13. In 2016, Heartland rolled out a Mutual Agreement to Arbitrate Claims (“Arbitration Agreement”) to employees through HCR ManorCare University. Hrg. Tr. 13:1-11 (Byrne). The roll out for California employees was in September 2016. See id. 64:2-6 (Gralak).

14. Defendants offered a copy of the Arbitration Agreement at the evidentiary hearing, and it was admitted without objection as Defendants' Exhibit 104. Hrg. Tr. 75:16-22; Defs.' Ex. 104 (Arbitration Agreement). As relevant to the present dispute, the four-page Arbitration Agreement provides as follows:

MUTUAL AGREEMENT TO ARBITRATE CLAIMS

This Mutual Agreement to Arbitrate Claims (“Agreement”) is between you (“you” or “Employee”) and Heartland Employment Services, L.L.C. (“EMPLOYER”). Any reference to EMPLOYER also includes its parent companies, subsidiaries, divisions, related companies, affiliates, and all successors and assigns of any of them. The Federal Arbitration Act (9 U.S.C. § 1 et seq.) (“FAA”) governs this Agreement, which evidences a transaction involving commerce. UNLESS YOU CHOOSE TO OPT OUT OF THE AGREEMENT IN ACCORDANCE WITH SECTION 8 BELOW, YOU AND THE COMPANY MUTUALLY AGREE THAT ALL DISPUTES COVERED BY THIS AGREEMENT SHALL BE DECIDED BY AN ARBITRATOR THROUGH ARBITRATION AND NOT BY WAY OF COURT, JURY TRIAL, OR ANY OTHER ADJUDICATORY PROCEEDING.

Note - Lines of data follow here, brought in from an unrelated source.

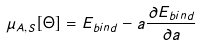<formula> <loc_0><loc_0><loc_500><loc_500>\mu _ { A , S } [ \Theta ] = E _ { b i n d } - a \frac { \partial E _ { b i n d } } { \partial a }</formula> 
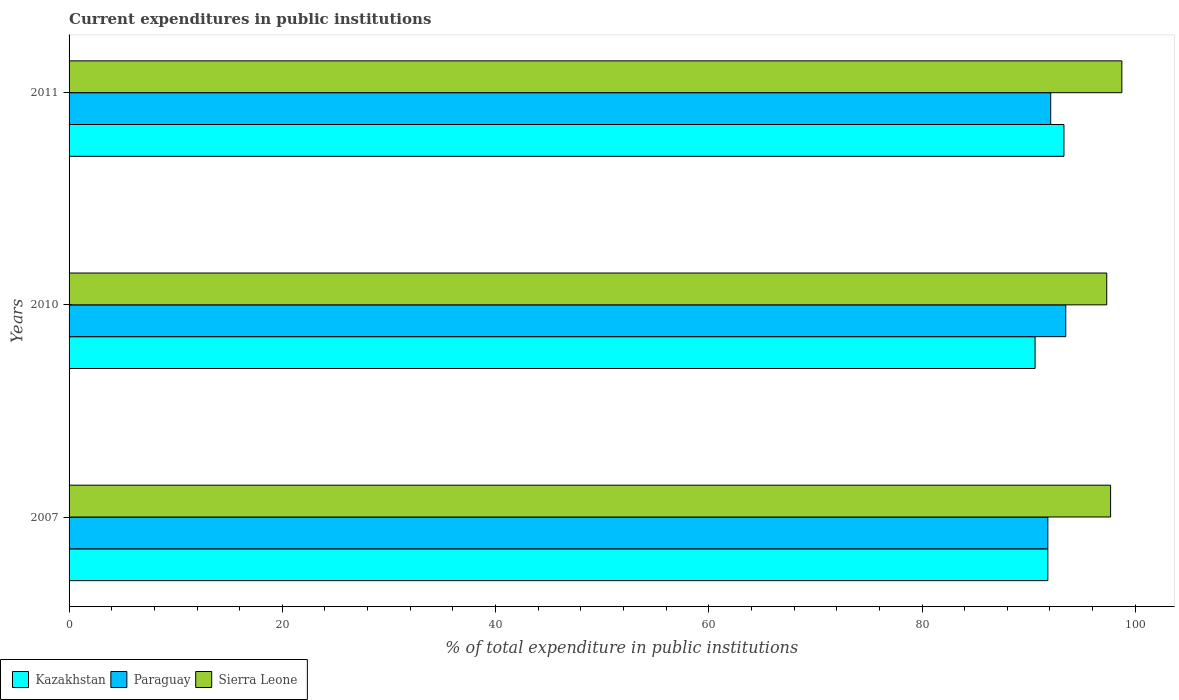How many different coloured bars are there?
Give a very brief answer. 3. Are the number of bars per tick equal to the number of legend labels?
Give a very brief answer. Yes. What is the current expenditures in public institutions in Sierra Leone in 2007?
Offer a terse response. 97.69. Across all years, what is the maximum current expenditures in public institutions in Kazakhstan?
Provide a succinct answer. 93.31. Across all years, what is the minimum current expenditures in public institutions in Sierra Leone?
Provide a short and direct response. 97.33. What is the total current expenditures in public institutions in Paraguay in the graph?
Give a very brief answer. 277.35. What is the difference between the current expenditures in public institutions in Sierra Leone in 2010 and that in 2011?
Give a very brief answer. -1.42. What is the difference between the current expenditures in public institutions in Kazakhstan in 2010 and the current expenditures in public institutions in Sierra Leone in 2011?
Make the answer very short. -8.14. What is the average current expenditures in public institutions in Kazakhstan per year?
Make the answer very short. 91.91. In the year 2007, what is the difference between the current expenditures in public institutions in Paraguay and current expenditures in public institutions in Sierra Leone?
Keep it short and to the point. -5.89. In how many years, is the current expenditures in public institutions in Sierra Leone greater than 4 %?
Ensure brevity in your answer.  3. What is the ratio of the current expenditures in public institutions in Kazakhstan in 2007 to that in 2010?
Your answer should be very brief. 1.01. Is the current expenditures in public institutions in Paraguay in 2010 less than that in 2011?
Keep it short and to the point. No. Is the difference between the current expenditures in public institutions in Paraguay in 2007 and 2011 greater than the difference between the current expenditures in public institutions in Sierra Leone in 2007 and 2011?
Keep it short and to the point. Yes. What is the difference between the highest and the second highest current expenditures in public institutions in Sierra Leone?
Ensure brevity in your answer.  1.06. What is the difference between the highest and the lowest current expenditures in public institutions in Paraguay?
Keep it short and to the point. 1.68. What does the 2nd bar from the top in 2010 represents?
Provide a succinct answer. Paraguay. What does the 2nd bar from the bottom in 2010 represents?
Your response must be concise. Paraguay. How many bars are there?
Offer a terse response. 9. Are the values on the major ticks of X-axis written in scientific E-notation?
Provide a short and direct response. No. Does the graph contain any zero values?
Offer a very short reply. No. Does the graph contain grids?
Ensure brevity in your answer.  No. How many legend labels are there?
Offer a terse response. 3. What is the title of the graph?
Offer a very short reply. Current expenditures in public institutions. What is the label or title of the X-axis?
Offer a terse response. % of total expenditure in public institutions. What is the label or title of the Y-axis?
Your answer should be very brief. Years. What is the % of total expenditure in public institutions of Kazakhstan in 2007?
Offer a terse response. 91.8. What is the % of total expenditure in public institutions in Paraguay in 2007?
Your response must be concise. 91.8. What is the % of total expenditure in public institutions in Sierra Leone in 2007?
Give a very brief answer. 97.69. What is the % of total expenditure in public institutions of Kazakhstan in 2010?
Give a very brief answer. 90.6. What is the % of total expenditure in public institutions of Paraguay in 2010?
Keep it short and to the point. 93.48. What is the % of total expenditure in public institutions of Sierra Leone in 2010?
Your response must be concise. 97.33. What is the % of total expenditure in public institutions in Kazakhstan in 2011?
Offer a terse response. 93.31. What is the % of total expenditure in public institutions of Paraguay in 2011?
Offer a terse response. 92.07. What is the % of total expenditure in public institutions in Sierra Leone in 2011?
Keep it short and to the point. 98.74. Across all years, what is the maximum % of total expenditure in public institutions in Kazakhstan?
Provide a succinct answer. 93.31. Across all years, what is the maximum % of total expenditure in public institutions in Paraguay?
Your response must be concise. 93.48. Across all years, what is the maximum % of total expenditure in public institutions in Sierra Leone?
Offer a very short reply. 98.74. Across all years, what is the minimum % of total expenditure in public institutions of Kazakhstan?
Your response must be concise. 90.6. Across all years, what is the minimum % of total expenditure in public institutions in Paraguay?
Offer a terse response. 91.8. Across all years, what is the minimum % of total expenditure in public institutions of Sierra Leone?
Your response must be concise. 97.33. What is the total % of total expenditure in public institutions in Kazakhstan in the graph?
Keep it short and to the point. 275.72. What is the total % of total expenditure in public institutions in Paraguay in the graph?
Offer a terse response. 277.36. What is the total % of total expenditure in public institutions of Sierra Leone in the graph?
Offer a terse response. 293.76. What is the difference between the % of total expenditure in public institutions in Kazakhstan in 2007 and that in 2010?
Ensure brevity in your answer.  1.2. What is the difference between the % of total expenditure in public institutions in Paraguay in 2007 and that in 2010?
Your answer should be very brief. -1.68. What is the difference between the % of total expenditure in public institutions of Sierra Leone in 2007 and that in 2010?
Make the answer very short. 0.36. What is the difference between the % of total expenditure in public institutions in Kazakhstan in 2007 and that in 2011?
Keep it short and to the point. -1.51. What is the difference between the % of total expenditure in public institutions in Paraguay in 2007 and that in 2011?
Provide a short and direct response. -0.27. What is the difference between the % of total expenditure in public institutions of Sierra Leone in 2007 and that in 2011?
Make the answer very short. -1.06. What is the difference between the % of total expenditure in public institutions of Kazakhstan in 2010 and that in 2011?
Offer a terse response. -2.71. What is the difference between the % of total expenditure in public institutions of Paraguay in 2010 and that in 2011?
Your response must be concise. 1.41. What is the difference between the % of total expenditure in public institutions of Sierra Leone in 2010 and that in 2011?
Provide a succinct answer. -1.42. What is the difference between the % of total expenditure in public institutions in Kazakhstan in 2007 and the % of total expenditure in public institutions in Paraguay in 2010?
Ensure brevity in your answer.  -1.68. What is the difference between the % of total expenditure in public institutions in Kazakhstan in 2007 and the % of total expenditure in public institutions in Sierra Leone in 2010?
Your response must be concise. -5.53. What is the difference between the % of total expenditure in public institutions in Paraguay in 2007 and the % of total expenditure in public institutions in Sierra Leone in 2010?
Offer a very short reply. -5.53. What is the difference between the % of total expenditure in public institutions in Kazakhstan in 2007 and the % of total expenditure in public institutions in Paraguay in 2011?
Your response must be concise. -0.27. What is the difference between the % of total expenditure in public institutions of Kazakhstan in 2007 and the % of total expenditure in public institutions of Sierra Leone in 2011?
Ensure brevity in your answer.  -6.94. What is the difference between the % of total expenditure in public institutions in Paraguay in 2007 and the % of total expenditure in public institutions in Sierra Leone in 2011?
Your answer should be compact. -6.94. What is the difference between the % of total expenditure in public institutions in Kazakhstan in 2010 and the % of total expenditure in public institutions in Paraguay in 2011?
Provide a succinct answer. -1.47. What is the difference between the % of total expenditure in public institutions in Kazakhstan in 2010 and the % of total expenditure in public institutions in Sierra Leone in 2011?
Give a very brief answer. -8.14. What is the difference between the % of total expenditure in public institutions in Paraguay in 2010 and the % of total expenditure in public institutions in Sierra Leone in 2011?
Keep it short and to the point. -5.26. What is the average % of total expenditure in public institutions of Kazakhstan per year?
Give a very brief answer. 91.91. What is the average % of total expenditure in public institutions of Paraguay per year?
Offer a terse response. 92.45. What is the average % of total expenditure in public institutions in Sierra Leone per year?
Provide a short and direct response. 97.92. In the year 2007, what is the difference between the % of total expenditure in public institutions of Kazakhstan and % of total expenditure in public institutions of Sierra Leone?
Keep it short and to the point. -5.89. In the year 2007, what is the difference between the % of total expenditure in public institutions of Paraguay and % of total expenditure in public institutions of Sierra Leone?
Your answer should be compact. -5.89. In the year 2010, what is the difference between the % of total expenditure in public institutions of Kazakhstan and % of total expenditure in public institutions of Paraguay?
Provide a succinct answer. -2.88. In the year 2010, what is the difference between the % of total expenditure in public institutions in Kazakhstan and % of total expenditure in public institutions in Sierra Leone?
Provide a succinct answer. -6.72. In the year 2010, what is the difference between the % of total expenditure in public institutions of Paraguay and % of total expenditure in public institutions of Sierra Leone?
Offer a very short reply. -3.84. In the year 2011, what is the difference between the % of total expenditure in public institutions in Kazakhstan and % of total expenditure in public institutions in Paraguay?
Your answer should be very brief. 1.24. In the year 2011, what is the difference between the % of total expenditure in public institutions of Kazakhstan and % of total expenditure in public institutions of Sierra Leone?
Offer a terse response. -5.43. In the year 2011, what is the difference between the % of total expenditure in public institutions in Paraguay and % of total expenditure in public institutions in Sierra Leone?
Make the answer very short. -6.67. What is the ratio of the % of total expenditure in public institutions of Kazakhstan in 2007 to that in 2010?
Your response must be concise. 1.01. What is the ratio of the % of total expenditure in public institutions of Paraguay in 2007 to that in 2010?
Provide a succinct answer. 0.98. What is the ratio of the % of total expenditure in public institutions of Sierra Leone in 2007 to that in 2010?
Give a very brief answer. 1. What is the ratio of the % of total expenditure in public institutions in Kazakhstan in 2007 to that in 2011?
Your answer should be compact. 0.98. What is the ratio of the % of total expenditure in public institutions in Paraguay in 2007 to that in 2011?
Your answer should be very brief. 1. What is the ratio of the % of total expenditure in public institutions of Sierra Leone in 2007 to that in 2011?
Provide a short and direct response. 0.99. What is the ratio of the % of total expenditure in public institutions in Kazakhstan in 2010 to that in 2011?
Your answer should be very brief. 0.97. What is the ratio of the % of total expenditure in public institutions in Paraguay in 2010 to that in 2011?
Provide a short and direct response. 1.02. What is the ratio of the % of total expenditure in public institutions of Sierra Leone in 2010 to that in 2011?
Keep it short and to the point. 0.99. What is the difference between the highest and the second highest % of total expenditure in public institutions in Kazakhstan?
Offer a very short reply. 1.51. What is the difference between the highest and the second highest % of total expenditure in public institutions in Paraguay?
Your response must be concise. 1.41. What is the difference between the highest and the second highest % of total expenditure in public institutions of Sierra Leone?
Provide a short and direct response. 1.06. What is the difference between the highest and the lowest % of total expenditure in public institutions in Kazakhstan?
Offer a very short reply. 2.71. What is the difference between the highest and the lowest % of total expenditure in public institutions in Paraguay?
Keep it short and to the point. 1.68. What is the difference between the highest and the lowest % of total expenditure in public institutions in Sierra Leone?
Your answer should be very brief. 1.42.

1. Covered Claims/Disputes . Except as otherwise provided in this Agreement, this Agreement applies to any and all disputes, past, present or future, that may arise between Employee and EMPLOYER, including without limitation any dispute arising out of or related to Employee's application for employment, employment, and/or separation of employment with EMPLOYER, and this Agreement survives after the employment relationship terminates. ....
Additionally, the Arbitrator, and not any court or agency, shall have the exclusive authority to resolve any dispute relating to the interpretation, applicability, enforceability, or formation of this Agreement. ....
4. Arbitrator Selection. An arbitrator shall be selected by the mutual agreement of the parties. In the event the parties cannot agree to an arbitrator, they shall proceed to arbitration before a single arbitrator under the auspices of the AAA and the then current AAA Employment Arbitration Rules (the AAA Rules are available through EMPLOYER's Human Resources Department or the AAA's website (www.adr.org)), provided, however, that if there is a conflict between the AAA Rules and this Agreement, this Agreement shall govern. ....
8. Opting Out of the Agreement . This Agreement is not a mandatory condition of employment. If Employee does not wish to be bound by this Agreement, he/she must send an email to the following email address: EmployeeArbitrationOptOut@hcr-manorcare.com, within fourteen (14) days of agreeing to the terms of this Agreement. In that email, Employee should provide his/her first and last name and state that he/she is opting out of this Agreement. If Employee timely opts out as provided in this section, Employee will not be subject to any adverse employment action as a consequence of that decision, and neither Employee nor EMPLOYER will be bound by this Agreement. Should Employee not opt out of this Agreement within fourteen (14) days, both Employee and EMPLOYER will be required to arbitrate all claims and disputes covered by this Agreement in accordance with its terms. Employee has the right to consult with counsel of his/her choice concerning this Agreement.
Defs.' Ex. 104 (Arbitration Agreement).

15. All new and current employees were required to complete a training on the Arbitration Agreement through HCR ManorCare University and to electronically sign the Arbitration Agreement by December 31, 2016. Hrg. Tr. 64:15-25, 71:4-17 (Gralak).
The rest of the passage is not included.